** Prompt **
If an entry holds a picture, leave that picture out. Give everything else again exactly.

** Source data **
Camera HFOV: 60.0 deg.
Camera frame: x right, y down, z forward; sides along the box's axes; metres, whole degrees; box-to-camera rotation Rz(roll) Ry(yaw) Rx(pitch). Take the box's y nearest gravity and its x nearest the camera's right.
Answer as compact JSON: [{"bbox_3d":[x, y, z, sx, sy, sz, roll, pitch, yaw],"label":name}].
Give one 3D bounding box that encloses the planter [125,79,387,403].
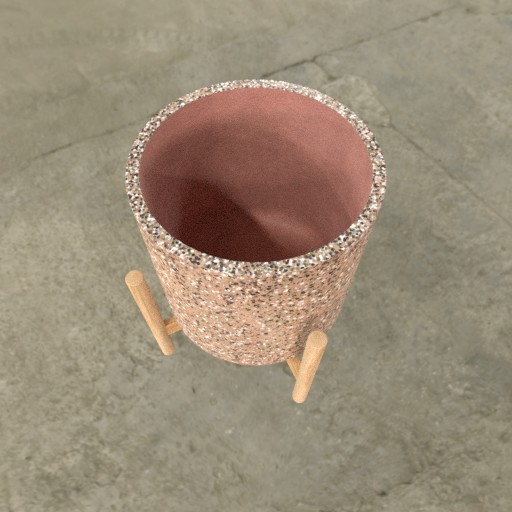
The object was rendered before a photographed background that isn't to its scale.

** Worked solution **
Camera HFOV: 60.0 deg.
Camera frame: x right, y down, z forward; sides along the box's axes; metres, whole degrees; box-to-camera rotation Rz(roll) Ry(yaw) Rx(pitch). Take the box's y nearest gravity and its x nearest the camera's right.
Answer as compact JSON: [{"bbox_3d":[x, y, z, sx, sy, sz, roll, pitch, yaw],"label":name}].
Give one 3D bounding box that encloses the planter [125,79,387,403].
The object was rendered before a photographed background that isn't to its scale.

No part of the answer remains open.